Is there a variant of the dot-product operation that returns $\frac{a_1}{b_1} + \frac{a_2}{b_2}$ from vectors $[a_1,a_2]$ and $[b_1, b_2]$?

Question

The dot product of $[a_1,a_2]$ and $[b_1, b_2]$ is $a_1b_1 + a_2b_2$ (and so on for bigger vectors). What I'm wondering is if there's any definition of a function s.t. the "invdot" product of $[a_1,a_2]$ and $[b_1, b_2]$ is $$\frac{a_1}{b_1} + \frac{a_2}{b_2}$$ If so, are there any other properties/derivations of this function from the dot product?

I can see it's the same as taking the reciprocal of all the components of $b$ and then doing the dot product on that, but I can't understand how I'd do that in my specific use case.

For context, I'm trying to solve a problem where I want to algebraically manipulate $a_1b_1 + a_2b_2$ to $\frac{a_1}{b_1} + \frac{a_2}{b_2}$, and think that this might help if it's a well known operation.

Answer 1

Probably not: the dot product has a geometric meaning (the product of the lengths of the vectors times the cosine of the angle between them): it's a scalar, i.e. a number that does not change under orthogonal coordinate transformations ("it's the same number in every coordinate system").

Your operation (it is not an "inverse" of the dot product, so let's not call it that) takes two vectors and produces a number, but the number is not invariant under coordinate transformations (e.g. it becomes infinite when you take a coordinate system where $\vec{b}$ is along the x-axis): there is no geometric meaning that can be assigned to it, because it is not the same in every coordinate system.

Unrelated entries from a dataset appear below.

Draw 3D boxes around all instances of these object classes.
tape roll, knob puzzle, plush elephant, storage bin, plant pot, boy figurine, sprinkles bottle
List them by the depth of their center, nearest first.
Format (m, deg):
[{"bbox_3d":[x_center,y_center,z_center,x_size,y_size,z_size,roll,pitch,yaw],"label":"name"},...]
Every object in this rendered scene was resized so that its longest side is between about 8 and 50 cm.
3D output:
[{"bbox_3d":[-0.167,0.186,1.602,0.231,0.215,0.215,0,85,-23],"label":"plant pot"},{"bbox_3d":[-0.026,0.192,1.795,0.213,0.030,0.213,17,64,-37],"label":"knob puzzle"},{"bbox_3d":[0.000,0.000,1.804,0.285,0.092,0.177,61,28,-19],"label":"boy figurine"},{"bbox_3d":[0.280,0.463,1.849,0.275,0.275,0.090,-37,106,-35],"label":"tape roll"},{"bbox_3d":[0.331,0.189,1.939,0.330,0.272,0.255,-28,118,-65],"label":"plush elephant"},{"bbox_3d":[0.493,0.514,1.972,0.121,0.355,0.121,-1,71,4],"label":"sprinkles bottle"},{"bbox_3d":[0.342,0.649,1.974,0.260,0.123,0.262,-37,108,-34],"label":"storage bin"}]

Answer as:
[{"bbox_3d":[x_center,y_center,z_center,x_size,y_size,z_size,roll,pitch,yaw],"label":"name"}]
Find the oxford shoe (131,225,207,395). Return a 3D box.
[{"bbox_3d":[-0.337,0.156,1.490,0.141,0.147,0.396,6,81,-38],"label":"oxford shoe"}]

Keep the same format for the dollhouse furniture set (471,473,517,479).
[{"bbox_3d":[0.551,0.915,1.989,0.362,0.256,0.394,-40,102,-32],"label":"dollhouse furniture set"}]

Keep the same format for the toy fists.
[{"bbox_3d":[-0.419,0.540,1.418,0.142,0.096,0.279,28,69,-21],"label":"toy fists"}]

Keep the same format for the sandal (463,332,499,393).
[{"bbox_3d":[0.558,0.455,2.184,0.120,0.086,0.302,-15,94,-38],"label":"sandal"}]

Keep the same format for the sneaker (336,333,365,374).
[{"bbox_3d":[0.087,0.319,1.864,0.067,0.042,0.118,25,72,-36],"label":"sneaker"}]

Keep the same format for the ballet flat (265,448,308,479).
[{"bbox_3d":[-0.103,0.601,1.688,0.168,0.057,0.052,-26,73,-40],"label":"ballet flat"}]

Note that e.g. the x-coordinate of a vector is such a number: it is not the same in every coordinate system. It can nevertheless be useful. So there might be a use of your number somewhere, but if so, I don't know about it.

Answer 2

To answer the asked question: NO. While there are many inverse simplification formulas that exist, none can be resolved to fulfill your requested outcome for all input values.

---

I agree that the question as asked has an infinite number of solutions, but the infinite solutions are bounded by the constraints of the equations and any input constraints.

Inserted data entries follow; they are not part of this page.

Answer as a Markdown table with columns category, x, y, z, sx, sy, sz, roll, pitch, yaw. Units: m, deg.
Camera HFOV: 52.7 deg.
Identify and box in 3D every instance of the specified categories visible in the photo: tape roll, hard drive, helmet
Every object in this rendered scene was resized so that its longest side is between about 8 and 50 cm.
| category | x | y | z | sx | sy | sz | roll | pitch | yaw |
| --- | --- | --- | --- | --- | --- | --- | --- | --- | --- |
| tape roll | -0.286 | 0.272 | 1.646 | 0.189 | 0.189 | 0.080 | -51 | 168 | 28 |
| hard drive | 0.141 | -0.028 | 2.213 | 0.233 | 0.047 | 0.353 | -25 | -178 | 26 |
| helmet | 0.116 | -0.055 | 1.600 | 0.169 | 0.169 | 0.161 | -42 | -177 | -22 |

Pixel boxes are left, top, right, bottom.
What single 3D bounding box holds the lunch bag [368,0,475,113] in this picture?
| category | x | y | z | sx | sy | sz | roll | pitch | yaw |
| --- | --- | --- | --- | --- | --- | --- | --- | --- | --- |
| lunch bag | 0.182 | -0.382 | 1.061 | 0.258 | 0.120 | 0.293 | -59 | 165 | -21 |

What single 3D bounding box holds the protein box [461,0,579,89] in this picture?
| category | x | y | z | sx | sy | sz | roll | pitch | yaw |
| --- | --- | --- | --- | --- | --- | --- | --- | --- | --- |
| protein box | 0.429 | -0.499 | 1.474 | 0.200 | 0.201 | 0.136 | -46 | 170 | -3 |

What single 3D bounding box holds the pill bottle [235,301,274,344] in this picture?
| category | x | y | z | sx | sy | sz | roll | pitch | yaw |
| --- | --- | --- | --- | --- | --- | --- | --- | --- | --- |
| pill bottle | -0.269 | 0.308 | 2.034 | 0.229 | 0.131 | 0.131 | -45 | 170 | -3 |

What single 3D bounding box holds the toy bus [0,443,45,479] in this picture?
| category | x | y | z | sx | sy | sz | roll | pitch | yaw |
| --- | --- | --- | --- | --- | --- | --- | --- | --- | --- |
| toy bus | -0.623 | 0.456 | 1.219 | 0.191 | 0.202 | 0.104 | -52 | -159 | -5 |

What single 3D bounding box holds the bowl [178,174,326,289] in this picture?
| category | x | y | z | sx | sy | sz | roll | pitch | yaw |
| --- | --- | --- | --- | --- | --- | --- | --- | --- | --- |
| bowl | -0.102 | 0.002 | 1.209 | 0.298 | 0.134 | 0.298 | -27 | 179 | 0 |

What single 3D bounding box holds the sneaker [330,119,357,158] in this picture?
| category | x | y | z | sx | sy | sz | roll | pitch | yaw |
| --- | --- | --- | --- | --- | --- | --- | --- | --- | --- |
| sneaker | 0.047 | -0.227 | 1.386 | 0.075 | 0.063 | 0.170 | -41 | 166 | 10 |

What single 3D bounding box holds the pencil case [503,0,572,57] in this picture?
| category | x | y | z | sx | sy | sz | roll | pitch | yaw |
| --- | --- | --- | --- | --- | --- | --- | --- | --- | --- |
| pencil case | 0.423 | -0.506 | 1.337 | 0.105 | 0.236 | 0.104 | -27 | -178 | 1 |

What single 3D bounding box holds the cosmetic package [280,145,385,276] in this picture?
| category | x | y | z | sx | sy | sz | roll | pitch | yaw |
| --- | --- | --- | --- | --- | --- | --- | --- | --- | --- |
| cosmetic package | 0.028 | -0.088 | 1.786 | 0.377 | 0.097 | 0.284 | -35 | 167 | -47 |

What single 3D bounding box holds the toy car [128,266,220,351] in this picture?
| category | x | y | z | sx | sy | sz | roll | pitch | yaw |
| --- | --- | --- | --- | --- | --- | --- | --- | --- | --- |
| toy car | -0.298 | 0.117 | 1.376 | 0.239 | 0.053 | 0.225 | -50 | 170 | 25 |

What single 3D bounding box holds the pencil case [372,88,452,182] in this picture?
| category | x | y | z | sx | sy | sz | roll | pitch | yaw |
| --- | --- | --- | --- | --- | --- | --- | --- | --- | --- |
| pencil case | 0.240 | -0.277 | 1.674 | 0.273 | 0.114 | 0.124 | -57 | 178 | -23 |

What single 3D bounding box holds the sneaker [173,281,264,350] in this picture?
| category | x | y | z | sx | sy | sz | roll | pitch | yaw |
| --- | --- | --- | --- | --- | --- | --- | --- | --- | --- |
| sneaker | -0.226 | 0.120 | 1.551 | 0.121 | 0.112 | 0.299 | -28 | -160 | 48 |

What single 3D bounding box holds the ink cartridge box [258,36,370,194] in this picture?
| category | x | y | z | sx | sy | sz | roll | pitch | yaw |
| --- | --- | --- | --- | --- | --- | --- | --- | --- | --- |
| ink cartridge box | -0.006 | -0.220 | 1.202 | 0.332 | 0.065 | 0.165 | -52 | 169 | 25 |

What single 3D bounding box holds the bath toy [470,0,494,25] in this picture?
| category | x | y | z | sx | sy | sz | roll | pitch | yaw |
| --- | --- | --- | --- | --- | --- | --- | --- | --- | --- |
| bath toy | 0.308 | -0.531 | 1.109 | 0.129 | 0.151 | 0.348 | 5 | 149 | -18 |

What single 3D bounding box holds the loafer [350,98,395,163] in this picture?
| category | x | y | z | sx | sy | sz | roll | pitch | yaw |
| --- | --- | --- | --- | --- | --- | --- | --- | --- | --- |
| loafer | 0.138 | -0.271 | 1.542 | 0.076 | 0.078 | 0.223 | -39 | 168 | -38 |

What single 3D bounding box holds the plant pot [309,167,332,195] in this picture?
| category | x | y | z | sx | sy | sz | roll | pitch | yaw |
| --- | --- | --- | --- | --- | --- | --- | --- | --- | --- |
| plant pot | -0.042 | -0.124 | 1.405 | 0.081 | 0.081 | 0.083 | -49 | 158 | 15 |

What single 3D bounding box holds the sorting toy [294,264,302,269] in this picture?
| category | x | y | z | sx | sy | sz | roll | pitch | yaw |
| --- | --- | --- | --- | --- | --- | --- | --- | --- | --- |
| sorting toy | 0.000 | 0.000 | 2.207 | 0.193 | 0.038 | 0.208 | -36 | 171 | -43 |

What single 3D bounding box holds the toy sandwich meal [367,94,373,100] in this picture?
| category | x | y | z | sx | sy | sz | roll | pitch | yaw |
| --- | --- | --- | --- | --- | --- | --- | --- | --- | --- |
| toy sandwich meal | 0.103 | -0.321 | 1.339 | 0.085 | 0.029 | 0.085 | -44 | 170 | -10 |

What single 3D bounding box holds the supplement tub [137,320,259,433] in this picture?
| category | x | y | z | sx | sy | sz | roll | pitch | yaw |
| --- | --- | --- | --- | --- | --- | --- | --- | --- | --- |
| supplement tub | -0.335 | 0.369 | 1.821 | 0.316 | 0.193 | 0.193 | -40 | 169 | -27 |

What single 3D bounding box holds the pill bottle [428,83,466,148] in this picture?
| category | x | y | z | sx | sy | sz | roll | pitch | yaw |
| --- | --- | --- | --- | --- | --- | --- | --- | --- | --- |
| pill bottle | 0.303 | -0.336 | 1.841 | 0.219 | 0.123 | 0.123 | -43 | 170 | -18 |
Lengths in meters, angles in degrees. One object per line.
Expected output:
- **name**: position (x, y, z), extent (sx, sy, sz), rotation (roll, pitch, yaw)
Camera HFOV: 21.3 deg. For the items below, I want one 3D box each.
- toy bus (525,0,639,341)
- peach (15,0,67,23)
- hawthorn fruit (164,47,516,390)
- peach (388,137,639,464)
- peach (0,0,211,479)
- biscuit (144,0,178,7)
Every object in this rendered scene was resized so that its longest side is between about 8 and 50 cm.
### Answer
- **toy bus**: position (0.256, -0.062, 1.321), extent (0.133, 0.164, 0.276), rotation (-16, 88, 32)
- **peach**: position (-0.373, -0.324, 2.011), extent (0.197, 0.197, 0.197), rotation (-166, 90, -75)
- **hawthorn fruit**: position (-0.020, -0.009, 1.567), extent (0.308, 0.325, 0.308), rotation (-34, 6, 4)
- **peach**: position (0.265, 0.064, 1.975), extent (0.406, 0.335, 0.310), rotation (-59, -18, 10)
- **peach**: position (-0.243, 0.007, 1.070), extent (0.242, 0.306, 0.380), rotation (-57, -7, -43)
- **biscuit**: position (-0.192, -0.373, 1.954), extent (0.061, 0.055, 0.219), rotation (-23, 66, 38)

For a carrier wave(sin or cos) input 'B' modulated by 4 base-band signals 'A' is the phase aligned dot product of A=[A1,A2,A3,A4] dot B.
Given the prior knowledge of the waveform B and 4 modulated base-band signals exist, it is possible to reconstruct(i.e. inverse dot product) the original waveforms from A=[A1,A2,A3,A4]. The imperfection is manifested in the phase shift, as the sign of A is unknowable.

---

The reason for this answer is a Google search for 'inverse dot product' shows this question as the poster child of impossibility, without exploring any of the input conditions that could make it possible.